Former “first lady” of the Khmer Rouge Ieng Thirith passed away Saturday in Pailin, western Cambodia, according to a United Nations-backed Cambodian court.
Ieng Thirith, who served as minister for social affairs in the Khmer Rouge regime during the 1970s, had been accused of crimes against humanity, grave breaches of the Geneva Conventions, genocide, homicide, torture and religious persecution.
But proceedings against her were halted in 2012 after the Extraordinary Chambers in the Courts of Cambodia — a special U.N.-backed tribunal that was formed in 2006 to prosecute senior Khmer Rouge leaders — decided she could not face trial because she suffered from dementia.
Her death at age 83 was announced in a news release by the ECCC.

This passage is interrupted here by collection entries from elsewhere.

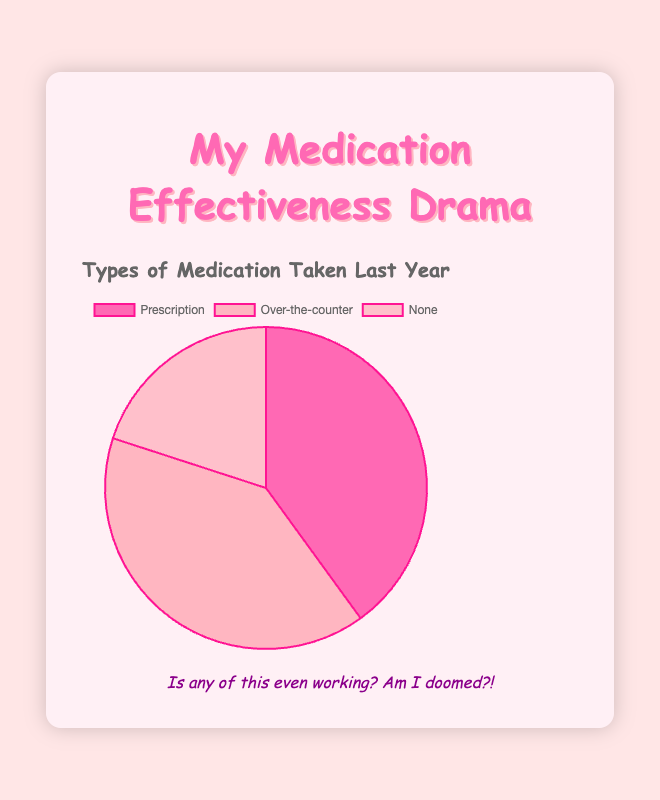What are the three categories of medication usage shown in the pie chart? The pie chart has three slices labeled as ‘Prescription’, ‘Over-the-counter’, and ‘None’.
Answer: Prescription, Over-the-counter, None What is the largest category of medication usage? By looking at the slices, the 'Prescription' and 'Over-the-counter' categories appear larger than the 'None' category.
Answer: Prescription Which color represents the ‘None’ category in the pie chart? The ‘None’ category is represented by the lightest pink color in the pie chart.
Answer: Light pink How many types of medications are taken under the ‘Prescription’ category? The legend or details indicate that there are three medications listed under the ‘Prescription’ category.
Answer: 3 Compare the perceived effectiveness of medications in the ‘Prescription’ category. Which one has the lowest perceived effectiveness? The perceived effectiveness for ‘Amoxicillin’ is moderate, ‘Lisinopril’ is high, and ‘Fluoxetine’ is low. Thus, ‘Fluoxetine’ has the lowest perceived effectiveness.
Answer: Fluoxetine Out of the categories listed, which one has no medications taken? The ‘None’ category by definition has no medications listed under it.
Answer: None What percentage of the total medication usage is represented by the ‘Over-the-counter’ category? The pie chart shows that the ‘Over-the-counter’ category accounts for 2 out of the 5 total data points. The percentage is therefore (2/5)*100 = 40%.
Answer: 40% Which category has an equal number of medications compared to the ‘Prescription’ category? Both the ‘Prescription’ and ‘Over-the-counter’ categories have 3 medications each.
Answer: Over-the-counter How many categories represent at least one type of medication taken? Both ‘Prescription’ and ‘Over-the-counter’ categories have medications listed, making a total of 2 categories with at least one medication.
Answer: 2 
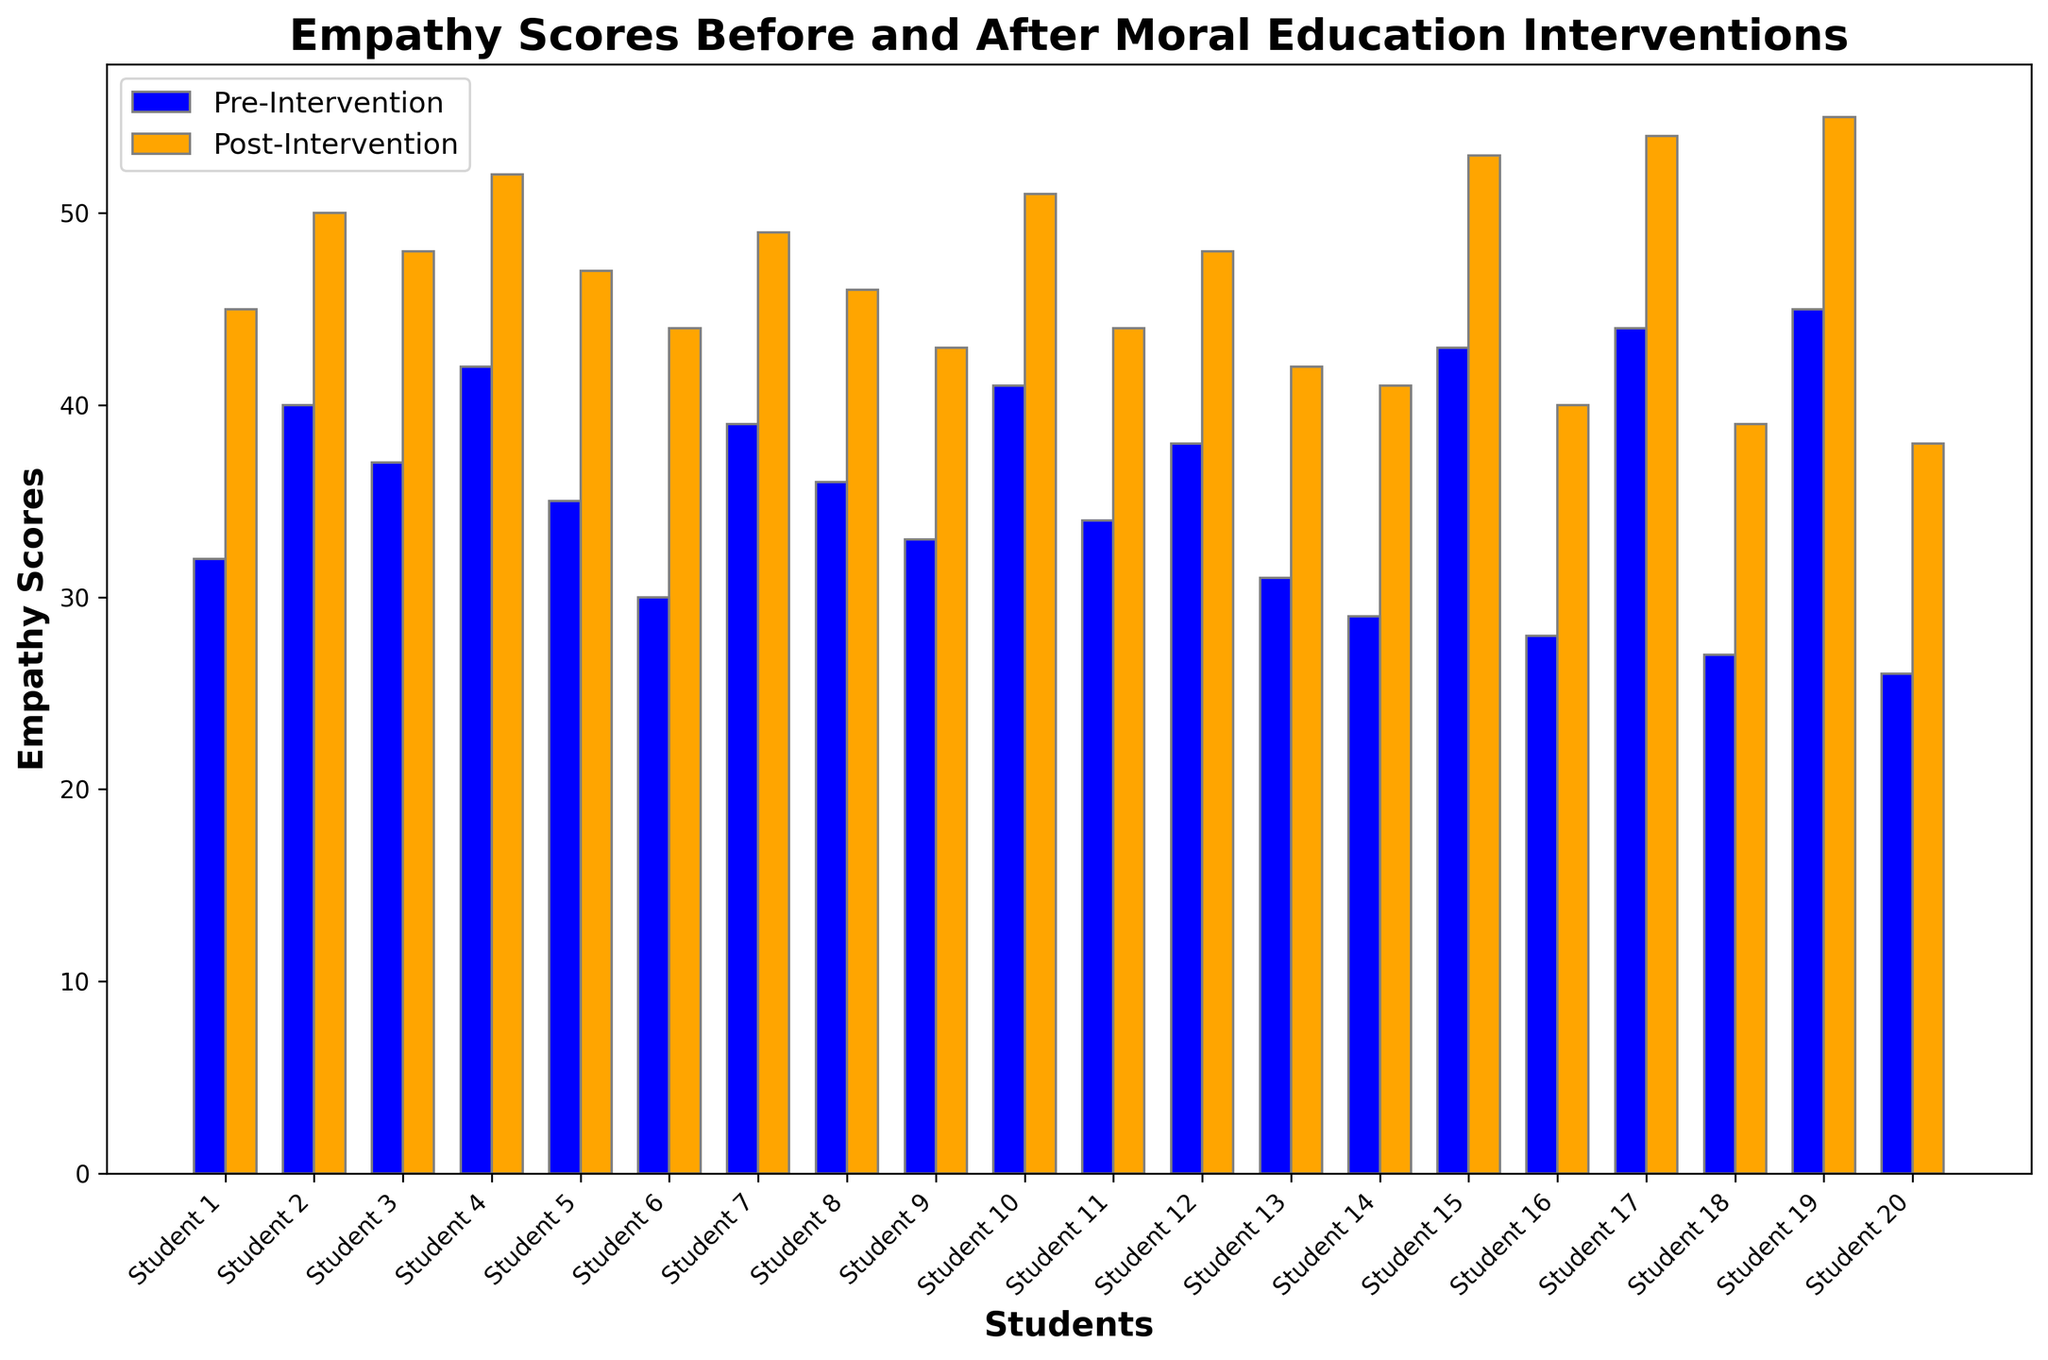What's the overall trend observed in empathy scores after the intervention? Looking at the heights of the bars, the post-intervention empathy scores (orange bars) are higher than the pre-intervention scores (blue bars) for all students, indicating an overall increase in empathy levels.
Answer: Increase Which student showed the greatest increase in empathy scores after the intervention? To identify the student with the greatest increase, we calculate the difference between the post-intervention and pre-intervention scores for all students. Student 19 has the highest increase (55 - 45 = 10).
Answer: Student 19 Is there any student whose empathy score did not increase post-intervention? By comparing the blue and orange bars for each student, all orange bars are higher than the blue bars. Therefore, every student's empathy score increased post-intervention.
Answer: No What is the average increase in empathy scores post-intervention? Calculate the difference between post-intervention and pre-intervention scores for all students and find the average: (45-32 + 50-40 + 48-37 + 52-42 + 47-35 + 44-30 + 49-39 + 46-36 + 43-33 + 51-41 + 44-34 + 48-38 + 42-31 + 41-29 + 53-43 + 40-28 + 54-44 + 39-27 + 55-45 + 38-26) / 20 = 10.1
Answer: 10.1 Which student had a post-intervention score closest to 50? By examining the post-intervention scores, Student 2 has a post-intervention score of 50, which is the closest to 50.
Answer: Student 2 How many students had a pre-intervention empathy score above 40? Count the number of blue bars above the score of 40, which are students 4, 10, 15, 17, and 19. There are 5 such students.
Answer: 5 What is the difference in empathy scores for Student 1 before and after the intervention? Calculate the difference for Student 1: 45 - 32 = 13.
Answer: 13 How do the empathy scores compare between Student 17 and Student 18 after the intervention? Compare the post-intervention scores for both students. Student 17 has a score of 54, and Student 18 has a score of 39, so Student 17's score is higher.
Answer: Student 17's score is higher Which student had the lowest pre-intervention empathy score and how did their score change? The lowest pre-intervention score is 26 for Student 20. Calculate the change: 38 - 26 = 12.
Answer: Student 20, change of 12 What was the average post-intervention empathy score? Add all post-intervention scores and divide by the number of students: (45 + 50 + 48 + 52 + 47 + 44 + 49 + 46 + 43 + 51 + 44 + 48 + 42 + 41 + 53 + 40 + 54 + 39 + 55 + 38) / 20 = 46.3.
Answer: 46.3

She was the wife of Ieng Sary, the Khmer Rouge’s co-founder and former foreign minister who was known as “Brother Number Three.” He died in March 2013, at the age of 87, while his trial was ongoing.
The Khmer Rouge regime ruled Cambodia between 1975 and 1979.
During that time at least 1.7 million people — about a quarter of the Cambodian population — are believed to have died from forced labor, starvation and execution, as the movement ruthlessly executed its radical social engineering policies aimed at creating a purely agrarian society.